When your Cigna prior authorization is denied — through CoverMyMeds or EviCore — Muni Appeals generates the appeal letter, tracks the 7-day P2P window, and files within the 180-day commercial deadline.
Is Cigna PromptPA (cigna.promptpa.com) Still Active?
No — cigna.promptpa.com is no longer Cigna's active prior authorization portal. Cigna has officially transitioned to CoverMyMeds as the replacement platform for all electronic PA submissions.

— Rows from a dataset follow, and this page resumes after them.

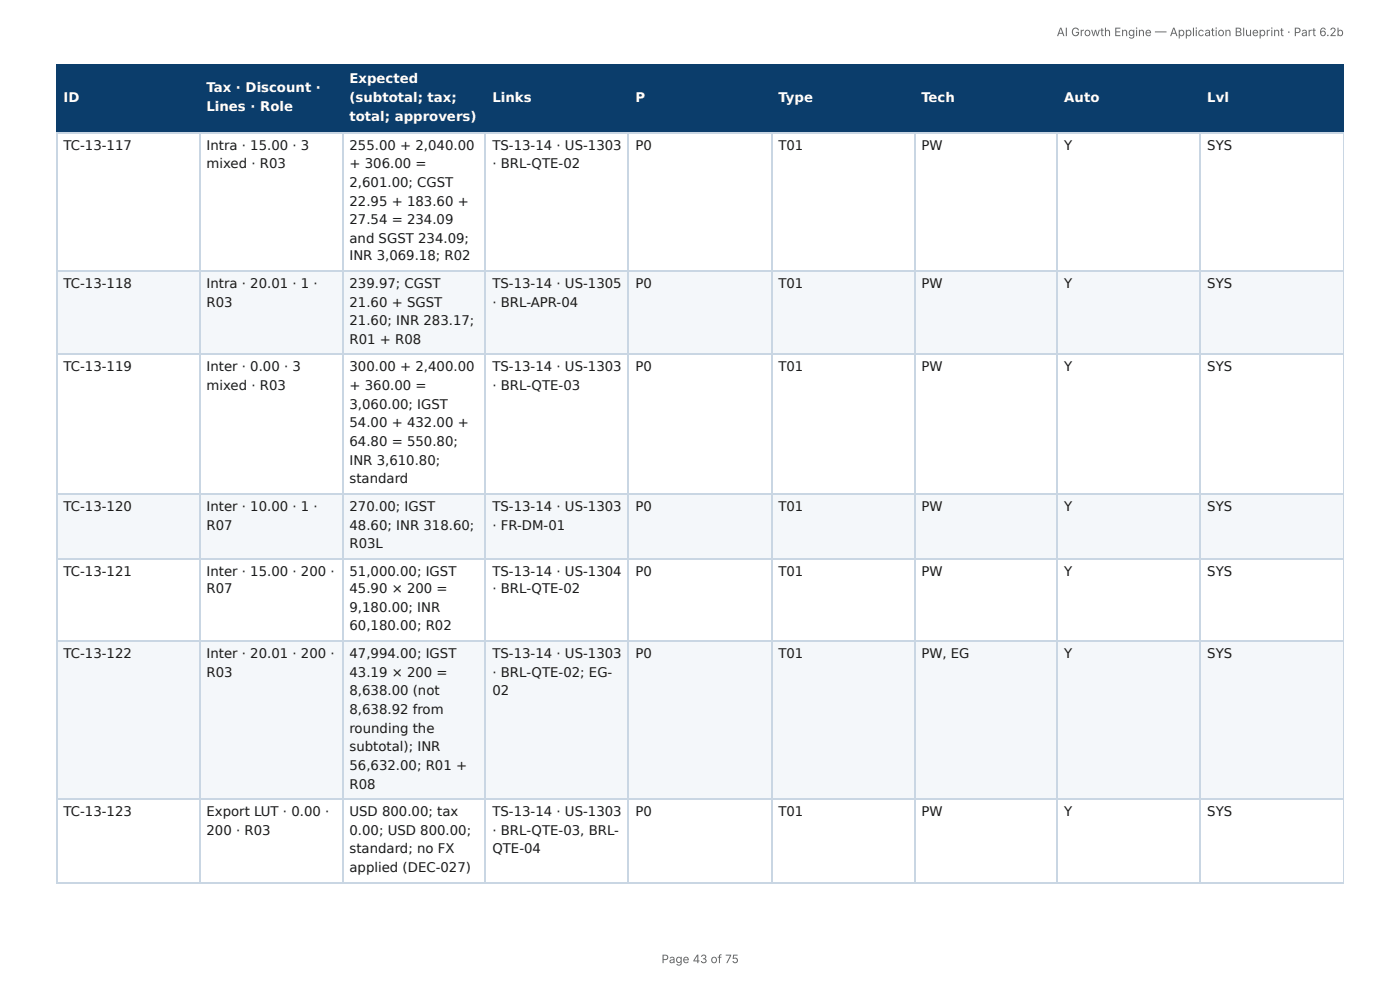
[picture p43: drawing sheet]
<svg xmlns="http://www.w3.org/2000/svg" width="297mm" height="210mm" viewBox="0 0 297 210" stroke-linecap="round" stroke-linejoin="round" font-family="sans-serif">
<defs><g id="words">
<g font-size="2.8" fill="#fff">
<text x="74.2" y="17.7">Expected</text>
<text x="13.5" y="21.7">ID</text>
<text x="43.9" y="19.6">Tax · Discount ·</text>
<text x="43.9" y="23.5">Lines · Role</text>
<text x="74.2" y="21.7">(subtotal; tax;</text>
<text x="104.6" y="21.7">Links</text>
<text x="135" y="21.7">P</text>
<text x="165.3" y="21.7">Type</text>
<text x="195.7" y="21.7">Tech</text>
<text x="226" y="21.7">Auto</text>
<text x="256.4" y="21.7">Lvl</text>
<text x="74.2" y="25.7">total; approvers)</text>
</g>
<g font-size="2.8" fill="#1a1a1a">
<text x="13.5" y="31.8">TC-13-117</text>
<text x="43.9" y="31.8">Intra · 15.00 · 3</text>
<text x="43.9" y="35.7">mixed · R03</text>
<text x="74.2" y="31.8">255.00 + 2,040.00</text>
<text x="74.2" y="35.7">+ 306.00 =</text>
<text x="104.6" y="31.8">TS-13-14 · US-1303</text>
<text x="104.6" y="35.7">· BRL-QTE-02</text>
<text x="135" y="31.8">P0</text>
<text x="165.3" y="31.8">T01</text>
<text x="195.7" y="31.8">PW</text>
<text x="226" y="31.8">Y</text>
<text x="256.4" y="31.8">SYS</text>
<text x="74.2" y="39.7">2,601.00; CGST</text>
<text x="74.2" y="43.7">22.95 + 183.60 +</text>
<text x="74.2" y="47.6">27.54 = 234.09</text>
<text x="74.2" y="51.6">and SGST 234.09;</text>
<text x="74.2" y="55.3">INR 3,069.18; R02</text>
<text x="13.5" y="61.1">TC-13-118</text>
<text x="43.9" y="61.1">Intra · 20.01 · 1 ·</text>
<text x="43.9" y="65.1">R03</text>
<text x="74.2" y="61.1">239.97; CGST</text>
<text x="74.2" y="65.1">21.60 + SGST</text>
<text x="104.6" y="61.1">TS-13-14 · US-1305</text>
<text x="104.6" y="65.1">· BRL-APR-04</text>
<text x="135" y="61.1">P0</text>
<text x="165.3" y="61.1">T01</text>
<text x="195.7" y="61.1">PW</text>
<text x="226" y="61.1">Y</text>
<text x="256.4" y="61.1">SYS</text>
<text x="74.2" y="69.1">21.60; INR 283.17;</text>
<text x="74.2" y="73">R01 + R08</text>
<text x="13.5" y="78.8">TC-13-119</text>
<text x="43.9" y="78.8">Inter · 0.00 · 3</text>
<text x="43.9" y="82.8">mixed · R03</text>
<text x="74.2" y="78.8">300.00 + 2,400.00</text>
<text x="74.2" y="82.8">+ 360.00 =</text>
<text x="104.6" y="78.8">TS-13-14 · US-1303</text>
<text x="104.6" y="82.8">· BRL-QTE-03</text>
<text x="135" y="78.8">P0</text>
<text x="165.3" y="78.8">T01</text>
<text x="195.7" y="78.8">PW</text>
<text x="226" y="78.8">Y</text>
<text x="256.4" y="78.8">SYS</text>
<text x="74.2" y="86.8">3,060.00; IGST</text>
<text x="74.2" y="90.8">54.00 + 432.00 +</text>
<text x="74.2" y="94.7">64.80 = 550.80;</text>
<text x="74.2" y="98.7">INR 3,610.80;</text>
<text x="74.2" y="102.7">standard</text>
<text x="13.5" y="108.5">TC-13-120</text>
<text x="43.9" y="108.5">Inter · 10.00 · 1 ·</text>
<text x="43.9" y="112.4">R07</text>
<text x="74.2" y="108.5">270.00; IGST</text>
<text x="74.2" y="112.4">48.60; INR 318.60;</text>
<text x="104.6" y="108.5">TS-13-14 · US-1303</text>
<text x="104.6" y="112.4">· FR-DM-01</text>
<text x="135" y="108.5">P0</text>
<text x="165.3" y="108.5">T01</text>
<text x="195.7" y="108.5">PW</text>
<text x="226" y="108.5">Y</text>
<text x="256.4" y="108.5">SYS</text>
<text x="74.2" y="116.4">R03L</text>
<text x="13.5" y="122.2">TC-13-121</text>
<text x="43.9" y="122.2">Inter · 15.00 · 200 ·</text>
<text x="43.9" y="125.9">R07</text>
<text x="74.2" y="122.2">51,000.00; IGST</text>
<text x="74.2" y="125.9">45.90 × 200 =</text>
<text x="104.6" y="122.2">TS-13-14 · US-1304</text>
<text x="104.6" y="125.9">· BRL-QTE-02</text>
<text x="135" y="122.2">P0</text>
<text x="165.3" y="122.2">T01</text>
<text x="195.7" y="122.2">PW</text>
<text x="226" y="122.2">Y</text>
<text x="256.4" y="122.2">SYS</text>
<text x="74.2" y="129.9">9,180.00; INR</text>
<text x="74.2" y="133.9">60,180.00; R02</text>
<text x="13.5" y="139.7">TC-13-122</text>
<text x="43.9" y="139.7">Inter · 20.01 · 200 ·</text>
<text x="43.9" y="143.7">R03</text>
<text x="74.2" y="139.7">47,994.00; IGST</text>
<text x="74.2" y="143.7">43.19 × 200 =</text>
<text x="104.6" y="139.7">TS-13-14 · US-1303</text>
<text x="104.6" y="143.7">· BRL-QTE-02; EG-</text>
<text x="135" y="139.7">P0</text>
<text x="165.3" y="139.7">T01</text>
<text x="195.7" y="139.7">PW, EG</text>
<text x="226" y="139.7">Y</text>
<text x="256.4" y="139.7">SYS</text>
<text x="74.2" y="147.6">8,638.00 (not</text>
<text x="104.6" y="147.6">02</text>
<text x="74.2" y="151.6">8,638.92 from</text>
<text x="74.2" y="155.6">rounding the</text>
<text x="74.2" y="159.5">subtotal); INR</text>
<text x="74.2" y="163.5">56,632.00; R01 +</text>
<text x="74.2" y="167.5">R08</text>
<text x="13.5" y="173.3">TC-13-123</text>
<text x="43.9" y="173.3">Export LUT · 0.00 ·</text>
<text x="74.2" y="173.3">USD 800.00; tax</text>
<text x="104.6" y="173.3">TS-13-14 · US-1303</text>
<text x="135" y="173.3">P0</text>
<text x="165.3" y="173.3">T01</text>
<text x="195.7" y="173.3">PW</text>
<text x="226" y="173.3">Y</text>
<text x="256.4" y="173.3">SYS</text>
<text x="43.9" y="177.3">200 · R03</text>
<text x="74.2" y="177.3">0.00; USD 800.00;</text>
<text x="104.6" y="177.3">· BRL-QTE-03, BRL-</text>
<text x="74.2" y="181.2">standard; no FX</text>
<text x="74.2" y="185.2">applied (DEC-027)</text>
<text x="104.6" y="181.2">QTE-04</text>
</g>
<g font-size="2.5" fill="#666">
<text x="224.4" y="7.7">AI Growth Engine — Application Blueprint · Part 6.2b</text>
<text x="140.5" y="204.5">Page 43 of 75</text>
</g>
</g></defs>
<g fill="#0b3d6b">
<path d="M12.2 14h30.1v14h-30.1z"/>
<path d="M42.3 14h30.5v14h-30.5z"/>
<path d="M72.8 14h30.4v14h-30.4z"/>
<path d="M103.2 14h30.4v14h-30.4z"/>
<path d="M133.6 14h30.2v14h-30.2z"/>
<path d="M163.8 14h30.4v14h-30.4z"/>
<path d="M194.2 14h30.4v14h-30.4z"/>
<path d="M224.6 14h30.5v14h-30.5z"/>
<path d="M255.1 14h30.3v14h-30.3z"/>
</g>
<g fill="#f4f7fa">
<path d="M12.2 57.7h30.1v17.7h-30.1z"/>
<path d="M42.3 57.7h30.5v17.7h-30.5z"/>
<path d="M72.8 57.7h30.4v17.7h-30.4z"/>
<path d="M103.2 57.7h30.4v17.7h-30.4z"/>
<path d="M133.6 57.7h30.2v17.7h-30.2z"/>
<path d="M163.8 57.7h30.4v17.7h-30.4z"/>
<path d="M194.2 57.7h30.4v17.7h-30.4z"/>
<path d="M224.6 57.7h30.5v17.7h-30.5z"/>
<path d="M255.1 57.7h30.3v17.7h-30.3z"/>
<path d="M12.2 104.8h30.1v13.7h-30.1z"/>
<path d="M42.3 104.8h30.5v13.7h-30.5z"/>
<path d="M72.8 104.8h30.4v13.7h-30.4z"/>
<path d="M103.2 104.8h30.4v13.7h-30.4z"/>
<path d="M133.6 104.8h30.2v13.7h-30.2z"/>
<path d="M163.8 104.8h30.4v13.7h-30.4z"/>
<path d="M194.2 104.8h30.4v13.7h-30.4z"/>
<path d="M224.6 104.8h30.5v13.7h-30.5z"/>
<path d="M255.1 104.8h30.3v13.7h-30.3z"/>
<path d="M12.2 136.3h30.1v33.3h-30.1z"/>
<path d="M42.3 136.3h30.5v33.3h-30.5z"/>
<path d="M72.8 136.3h30.4v33.3h-30.4z"/>
<path d="M103.2 136.3h30.4v33.3h-30.4z"/>
<path d="M133.6 136.3h30.2v33.3h-30.2z"/>
<path d="M163.8 136.3h30.4v33.3h-30.4z"/>
<path d="M194.2 136.3h30.4v33.3h-30.4z"/>
<path d="M224.6 136.3h30.5v33.3h-30.5z"/>
<path d="M255.1 136.3h30.3v33.3h-30.3z"/>
</g>
<path d="M11.9 13.9h273.5M12 13.8v14.5M42.5 13.8v14.5M72.9 13.8v14.5M103.1 13.8v14.5M133.5 13.8v14.5M163.9 13.8v14.5M194.3 13.8v14.5M224.5 13.8v14.5M254.9 13.8v14.5M11.9 28.2h273.5" fill="none" stroke="#0b3d6b" stroke-width=".26"/>
<path d="M285.3 13.8v14.5" fill="none" stroke="#0b3d6b" stroke-width=".21"/>
<g fill="none" stroke="#c9d6e3" stroke-width=".26">
<path d="M11.9 28.2h273.5M12 28.3v159M42.5 28.3v159M72.9 28.3v159M103.1 28.3v159M133.5 28.3v159M163.9 28.3v159M194.3 28.3v159M224.5 28.3v159M254.9 28.3v159M11.9 57.5h273.5M11.9 75.3h273.5"/>
<path d="M11.9 104.9h273.5M11.9 118.7h273.5M11.9 136.1h273.5M11.9 169.7h273.5M11.9 187.5h273.5"/>
</g>
<path d="M285.3 28.3v159" fill="none" stroke="#c9d6e3" stroke-width=".21"/>
<use href="#words"/>
</svg>

If you searched for the PromptPA login URL or tried navigating to cigna.promptpa.com, here is what to do instead:
- Go to covermymeds.com — Cigna's current PA platform
- Create a free account using your NPI (takes 5–10 minutes)
- Connect your Cigna credentials under Settings → Payer Connections
Existing PromptPA users may still have legacy access for certain plan types, but Cigna is not supporting new PromptPA registrations and functionality may be reduced without advance notice.
What Is Cigna PromptPA?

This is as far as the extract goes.